Additionally, it should be noted that, although it appears from the record that the appellant was examined by another psychiatrist prior to trial, that psychiatrist did not testify.
"The question of insanity at the time of the commission of the crime is a matter to be determined by the jury from a consideration of all the evidence." Herbert v. State, supra at 689. Cindy McElroy testified that she observed the appellant at the victim's house on the night before the offense, and she stated that his behavior was normal. Ed Poole testified that he and the appellant were together on the day of the offense from 6:30 a.m. until 5:15 p.m. He testified that they spent most of the day fishing, during which time they drank a twelve-pack of beer and smoked one joint of marijuana. Thereafter, they played pool and drank approximately three more beers. He did not see the appellant take any LSD and stated that, although the appellant appeared intoxicated, he did not get "real drunk" or "out of control." He further testified that the appellant was driving properly and maintaining a normal conversation. The officers who stopped the appellant on the following morning testified that he did not appear to be under the influence of any intoxicant, rather that his behavior and speech were normal.

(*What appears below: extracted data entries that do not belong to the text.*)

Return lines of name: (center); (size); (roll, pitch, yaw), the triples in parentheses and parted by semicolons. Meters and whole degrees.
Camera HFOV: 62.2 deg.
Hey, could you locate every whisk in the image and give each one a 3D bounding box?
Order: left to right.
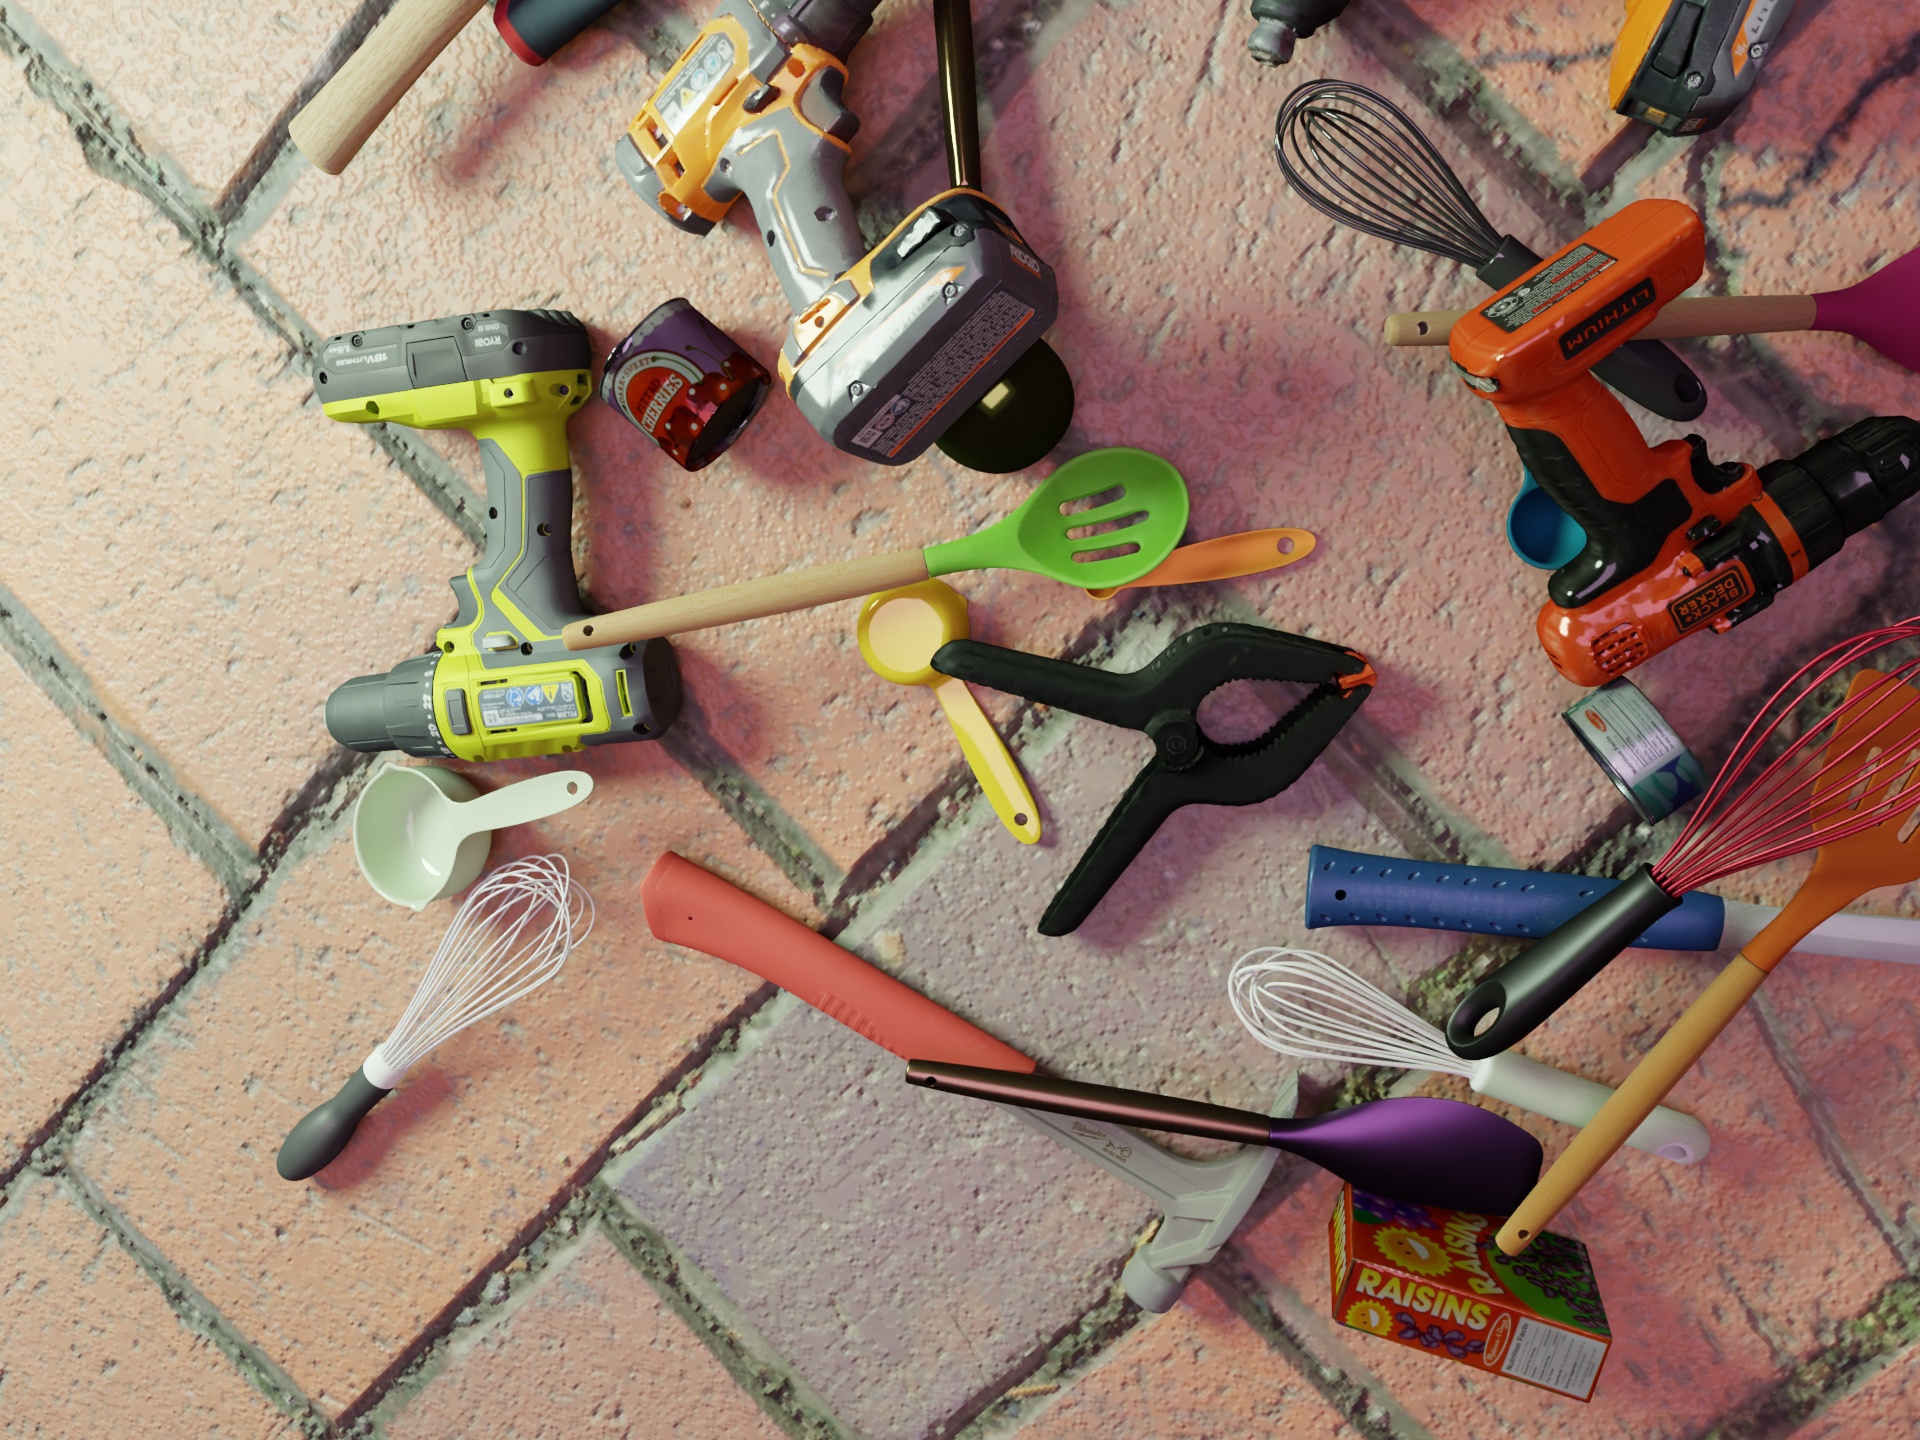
whisk: (-0.305, 0.176, 0.897); (0.070, 0.070, 0.284); (46, 109, 1)
whisk: (0.251, 0.169, 0.791); (0.246, 0.059, 0.057); (19, 139, 4)
whisk: (0.242, -0.208, 0.722); (0.239, 0.055, 0.055); (35, 104, -3)
whisk: (0.323, 0.060, 0.696); (0.073, 0.073, 0.295); (43, 117, 2)

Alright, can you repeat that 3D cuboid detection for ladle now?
ladle: (0.005, -0.280, 0.770); (0.078, 0.062, 0.320); (-4, 92, 21)

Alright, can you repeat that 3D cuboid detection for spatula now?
spatula: (0.128, 0.199, 0.795); (0.316, 0.018, 0.059); (8, 106, 6)
spatula: (0.351, 0.127, 0.737); (0.081, 0.041, 0.322); (34, 109, 5)

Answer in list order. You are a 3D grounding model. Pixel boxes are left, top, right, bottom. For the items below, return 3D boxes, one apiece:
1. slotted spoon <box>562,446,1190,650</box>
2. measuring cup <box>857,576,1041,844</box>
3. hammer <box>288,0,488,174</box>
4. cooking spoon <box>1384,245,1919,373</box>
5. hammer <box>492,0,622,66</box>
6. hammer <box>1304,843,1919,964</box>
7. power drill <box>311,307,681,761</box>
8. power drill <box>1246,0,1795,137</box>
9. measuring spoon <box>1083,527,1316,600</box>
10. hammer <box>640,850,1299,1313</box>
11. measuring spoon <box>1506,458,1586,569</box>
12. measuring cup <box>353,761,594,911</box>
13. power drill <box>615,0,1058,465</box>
slotted spoon: (-0.042, -0.074, 0.784); (0.314, 0.031, 0.070); (-12, 79, 1)
measuring cup: (-0.001, -0.003, 0.817); (0.062, 0.029, 0.156); (-29, 91, 15)
hammer: (-0.207, -0.394, 0.762); (0.331, 0.031, 0.130); (-42, 66, 13)
cooking spoon: (0.347, -0.178, 0.698); (0.319, 0.017, 0.068); (-2, 101, 1)
hammer: (-0.056, -0.416, 0.741); (0.386, 0.038, 0.143); (-29, 76, 17)
hammer: (0.372, 0.091, 0.755); (0.405, 0.035, 0.144); (4, 101, 11)
power drill: (-0.258, -0.089, 0.832); (0.190, 0.080, 0.228); (-5, 101, 11)
power drill: (0.241, -0.336, 0.689); (0.226, 0.084, 0.164); (26, 104, 10)
measuring spoon: (0.118, -0.079, 0.792); (0.117, 0.011, 0.021); (-10, 92, 9)
hammer: (-0.006, 0.164, 0.843); (0.359, 0.037, 0.149); (30, 104, 5)
measuring spoon: (0.268, -0.133, 0.751); (0.042, 0.021, 0.128); (-12, 88, 1)
measuring cup: (-0.254, 0.051, 0.858); (0.167, 0.038, 0.083); (-16, 86, 24)
power drill: (-0.047, -0.255, 0.727); (0.185, 0.084, 0.226); (-42, 67, 22)

Despite the heinousness of the appellant's acts during the commission of the offense, there is no evidence to establish that he was insane.

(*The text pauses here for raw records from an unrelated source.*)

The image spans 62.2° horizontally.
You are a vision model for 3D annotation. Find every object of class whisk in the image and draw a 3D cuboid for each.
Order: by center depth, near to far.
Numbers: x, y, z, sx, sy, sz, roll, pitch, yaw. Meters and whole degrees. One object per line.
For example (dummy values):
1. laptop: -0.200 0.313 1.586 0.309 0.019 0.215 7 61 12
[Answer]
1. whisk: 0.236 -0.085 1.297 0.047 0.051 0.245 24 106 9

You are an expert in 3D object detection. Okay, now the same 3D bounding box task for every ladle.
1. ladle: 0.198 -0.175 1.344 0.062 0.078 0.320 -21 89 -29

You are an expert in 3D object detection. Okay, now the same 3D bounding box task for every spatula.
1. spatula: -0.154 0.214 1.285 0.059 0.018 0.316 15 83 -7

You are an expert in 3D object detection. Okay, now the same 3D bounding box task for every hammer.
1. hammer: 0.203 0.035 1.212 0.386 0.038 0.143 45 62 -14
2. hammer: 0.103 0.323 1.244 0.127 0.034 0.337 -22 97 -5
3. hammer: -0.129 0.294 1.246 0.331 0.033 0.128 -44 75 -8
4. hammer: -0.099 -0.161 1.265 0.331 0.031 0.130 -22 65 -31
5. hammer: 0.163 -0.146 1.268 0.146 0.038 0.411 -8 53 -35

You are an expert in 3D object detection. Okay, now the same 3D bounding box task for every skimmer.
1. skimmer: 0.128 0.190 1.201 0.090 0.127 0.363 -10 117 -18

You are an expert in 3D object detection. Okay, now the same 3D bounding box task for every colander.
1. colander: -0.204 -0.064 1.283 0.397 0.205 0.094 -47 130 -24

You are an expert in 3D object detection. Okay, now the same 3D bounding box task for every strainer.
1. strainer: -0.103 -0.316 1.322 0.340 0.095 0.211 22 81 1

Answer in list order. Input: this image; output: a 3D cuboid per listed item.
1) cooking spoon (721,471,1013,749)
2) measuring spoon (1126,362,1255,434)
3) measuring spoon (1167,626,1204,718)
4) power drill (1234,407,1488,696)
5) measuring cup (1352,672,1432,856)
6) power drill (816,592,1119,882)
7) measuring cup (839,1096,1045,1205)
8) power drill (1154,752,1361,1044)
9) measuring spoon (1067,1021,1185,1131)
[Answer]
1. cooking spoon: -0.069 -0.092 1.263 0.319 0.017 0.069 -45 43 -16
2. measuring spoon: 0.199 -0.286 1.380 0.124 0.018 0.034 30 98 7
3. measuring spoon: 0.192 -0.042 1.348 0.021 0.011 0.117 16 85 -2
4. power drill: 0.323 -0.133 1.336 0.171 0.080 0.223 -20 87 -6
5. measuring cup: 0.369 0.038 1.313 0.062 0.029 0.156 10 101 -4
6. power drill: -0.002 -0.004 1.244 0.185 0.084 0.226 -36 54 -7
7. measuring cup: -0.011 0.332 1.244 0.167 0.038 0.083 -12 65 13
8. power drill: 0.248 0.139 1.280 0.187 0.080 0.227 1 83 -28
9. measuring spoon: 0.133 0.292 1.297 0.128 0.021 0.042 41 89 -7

" 'Emotional insanity or moral obliquity will not sustain a plea of insanity.' Rowe v. State, 243 Ala. 618, 624, 11 So.2d 749 (1943). Moral obliquity 'has no recognition in the law of this state as an excuse for crime.' Hall v. State, 208 Ala. 199, 200, 94 So. 59 (1922). '[T]hat which is sometimes called "moral", or "emotional insanity", savors too much of a seared conscience or atrocious wickedness to be entertained as a legal defense.' Boswell v. State, 63 Ala. 307, 321 (1879). 'Moral idiocy' does not qualify under the defense of insanity. Clayton v. State, 45 Ala. App. 127, 131, 226 So.2d 671 (1969).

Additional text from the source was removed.